Please contact Neal Desai at ndesai@npca.org for photos of the California red-legged frog, San Francisco garter snake, golf course flooding, and a video link of golf course water pumping.

Background

The study published last month by independent scientists and engineers says that the most cost-effective option for Sharp Park is to remove the golf course and restore the functions of the original natural ecosystem, which will also provide the most benefit to endangered species. Experts on coastal lagoon ecosystems prepared the restoration study, an 18-month assessment of Laguna Salada and Sanchez Creek. The report makes several key findings:

• Restoring Sharp Park is the cheapest public option, particularly compared to the San Francisco Park Department plan or the option of maintaining the status quo.

• Restoring the natural processes of the lagoon and surrounding wetlands will provide the best flood protection for neighbors against sea-level rise and coastal storm events.

• Removing the golf course to restore habitat to the east of the lagoon is essential for the long-term sustainability of endangered species found on the site.

The new restoration alternative would allow beneficial natural processes to reconfigure the Laguna Salada wetlands and beach to a natural dynamic, providing the most benefit to endangered species, protecting the beach from erosion, ensuring resilience and adaptivity for habitat to respond to sea-level rise, and improving flood protection for adjacent residential areas, all with lower long-term costs and maintenance requirements. The authors and peer reviewers of the report have unparalleled expertise in Bay Area coastal and aquatic ecology and wildlife, hydrology, coastal engineering and ecosystem restoration.

The report findings clear up some common misconceptions put forth by supporters of the golf course and the Park Department. Among the report findings:

• Laguna Salada was historically a brackish-fresh water lagoon, not a saline tidal lagoon, and supported thriving populations of the garter snake and red-legged frog;

• The golf course did not "create" freshwater habitat for the frog and snake;

• The sea wall is not necessary for protecting endangered species habitat or preventing flooding of neighborhoods; it in fact contributes to flood risk and the unsustainable character of the existing land use.

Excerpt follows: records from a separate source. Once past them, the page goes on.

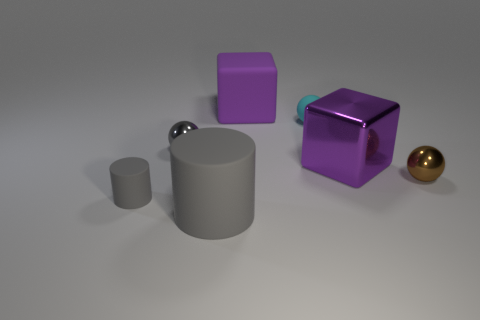There is another cylinder that is the same color as the big cylinder; what material is it?
Offer a very short reply. Rubber. There is a cylinder behind the big rubber cylinder; is its color the same as the large matte object that is in front of the gray metal thing?
Offer a terse response. Yes. What size is the other purple thing that is the same shape as the big metallic thing?
Make the answer very short. Large. The other big object that is the same shape as the purple metallic thing is what color?
Make the answer very short. Purple. What number of other things are there of the same color as the rubber cube?
Offer a very short reply. 1. There is a thing that is in front of the small cylinder; does it have the same shape as the tiny thing that is in front of the tiny brown thing?
Provide a succinct answer. Yes. Is the size of the gray metal object the same as the purple metallic thing?
Give a very brief answer. No. Is there a small object that has the same shape as the large purple metal object?
Offer a terse response. No. There is a cyan sphere; is its size the same as the cylinder that is right of the small matte cylinder?
Offer a terse response. No. How many things are cubes behind the purple metallic block or objects that are behind the cyan ball?
Offer a terse response. 1. 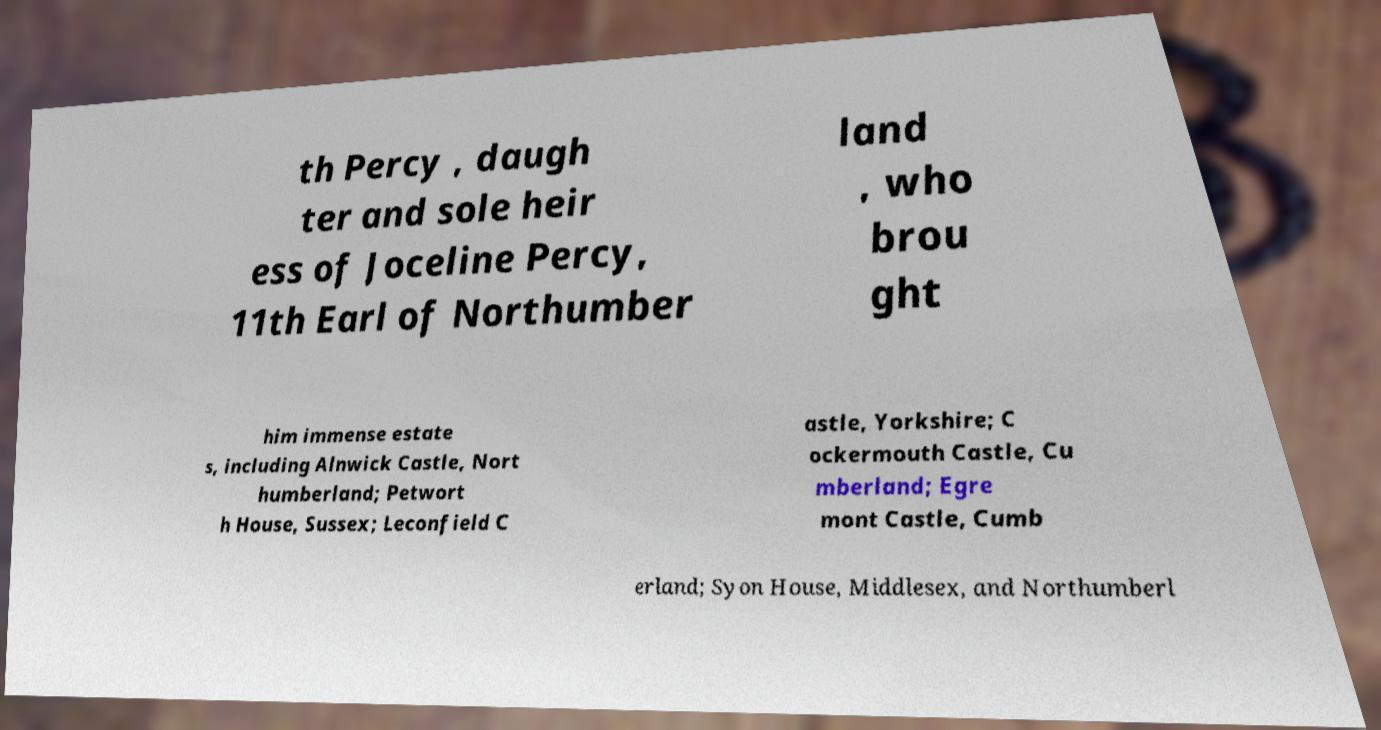What messages or text are displayed in this image? I need them in a readable, typed format. th Percy , daugh ter and sole heir ess of Joceline Percy, 11th Earl of Northumber land , who brou ght him immense estate s, including Alnwick Castle, Nort humberland; Petwort h House, Sussex; Leconfield C astle, Yorkshire; C ockermouth Castle, Cu mberland; Egre mont Castle, Cumb erland; Syon House, Middlesex, and Northumberl 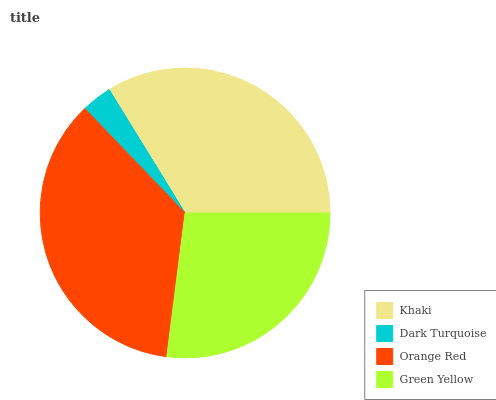Is Dark Turquoise the minimum?
Answer yes or no. Yes. Is Orange Red the maximum?
Answer yes or no. Yes. Is Orange Red the minimum?
Answer yes or no. No. Is Dark Turquoise the maximum?
Answer yes or no. No. Is Orange Red greater than Dark Turquoise?
Answer yes or no. Yes. Is Dark Turquoise less than Orange Red?
Answer yes or no. Yes. Is Dark Turquoise greater than Orange Red?
Answer yes or no. No. Is Orange Red less than Dark Turquoise?
Answer yes or no. No. Is Khaki the high median?
Answer yes or no. Yes. Is Green Yellow the low median?
Answer yes or no. Yes. Is Dark Turquoise the high median?
Answer yes or no. No. Is Orange Red the low median?
Answer yes or no. No. 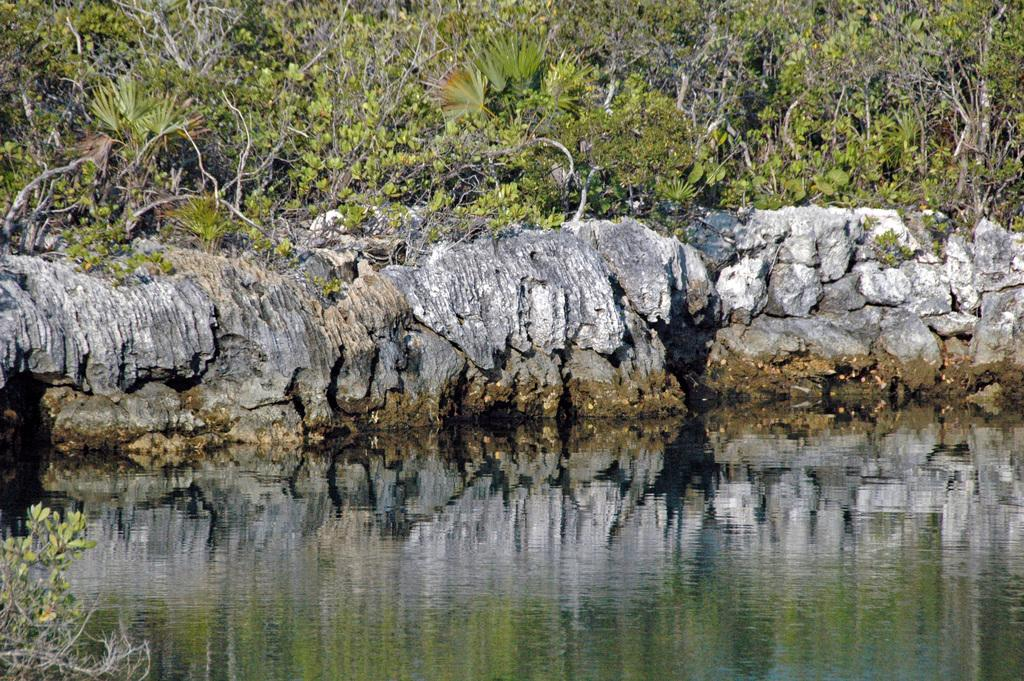What type of natural elements can be seen in the image? There are rocks and trees visible in the image. What is the terrain like in the image? The terrain includes rocks and trees. What can be seen at the bottom of the image? There is water visible at the bottom of the image. How many pies are balanced on the head of the person in the image? There is no person present in the image, and therefore no pies can be balanced on a head. Can you describe the icicle hanging from the tree in the image? There is no icicle present in the image; it features rocks, trees, and water. 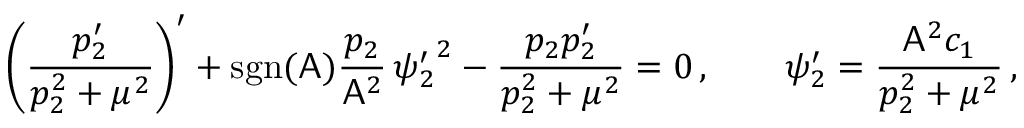Convert formula to latex. <formula><loc_0><loc_0><loc_500><loc_500>\left ( \frac { p _ { 2 } ^ { \prime } } { p _ { 2 } ^ { 2 } + \mu ^ { 2 } } \right ) ^ { \prime } + s g n ( A ) \frac { p _ { 2 } } { A ^ { 2 } } \, { \psi _ { 2 } ^ { \prime } } ^ { 2 } - \frac { p _ { 2 } p _ { 2 } ^ { \prime } } { p _ { 2 } ^ { 2 } + \mu ^ { 2 } } = 0 \, , \quad \psi _ { 2 } ^ { \prime } = \frac { A ^ { 2 } c _ { 1 } } { p _ { 2 } ^ { 2 } + \mu ^ { 2 } } \, ,</formula> 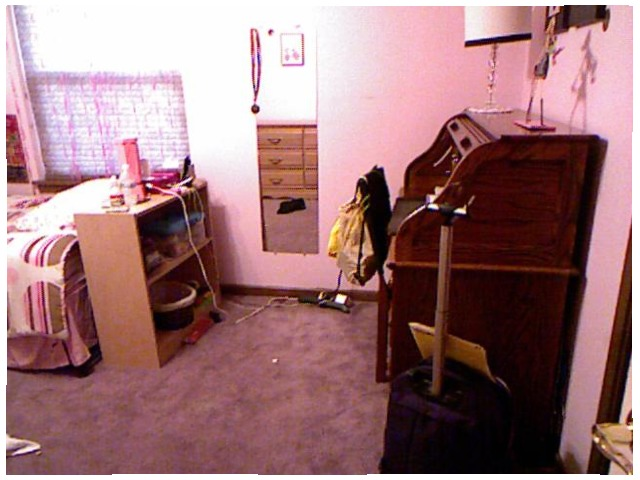<image>
Is the table lamp under the bed? No. The table lamp is not positioned under the bed. The vertical relationship between these objects is different. Is there a dresser in the mirror? Yes. The dresser is contained within or inside the mirror, showing a containment relationship. 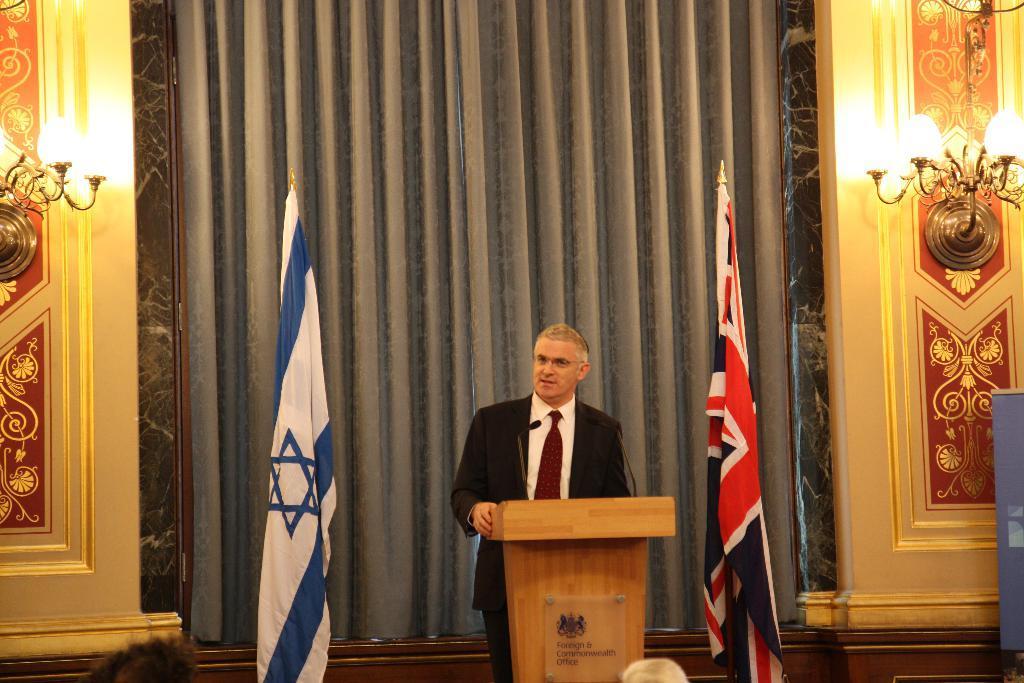Please provide a concise description of this image. In this image we can see a person standing. In front of him there is a podium. On that there is a board with something written. On the podium there are mics. In the back there are flags. In the background there is a wall with lights and some designs.

The new restoration plan is estimated to cost about $5 million over a 50-year time frame. In contrast, the Park Department preferred plan would drain taxpayers of between $12 million and $18 million in short-term costs (including seawall construction) along with hundreds of thousands of dollars per year for infrastructure operations and maintenance, and continuing liability for fines for Endangered Species Act violations.

Some of the Park Department’s working-group statements are unsupported by science and contradict the conclusions of coastal restoration experts. The claim that endangered species and golf "could be compatible" is unexplained, and the peer-reviewed report shows maintaining the golf course is not compatible with protecting endangered species at the site, since the Park Department "restoration" plan would squeeze endangered species habitats between the golf course and the seawall in the area most vulnerable to salinity intrusion. The working group adopts a misguided Park Department recommendation to dredge the lagoon to reduce sediment, ignoring the fact that loss of open-water habitat is caused by artificial pumping down of the lagoon to maintain the golf course, not sedimentation. Dredging is extremely expensive, damaging to endangered species habitat, and unnecessary; the preferred solution is raising lagoon water levels, allowing wetlands to expand and spread eastward where the golf course is currently located.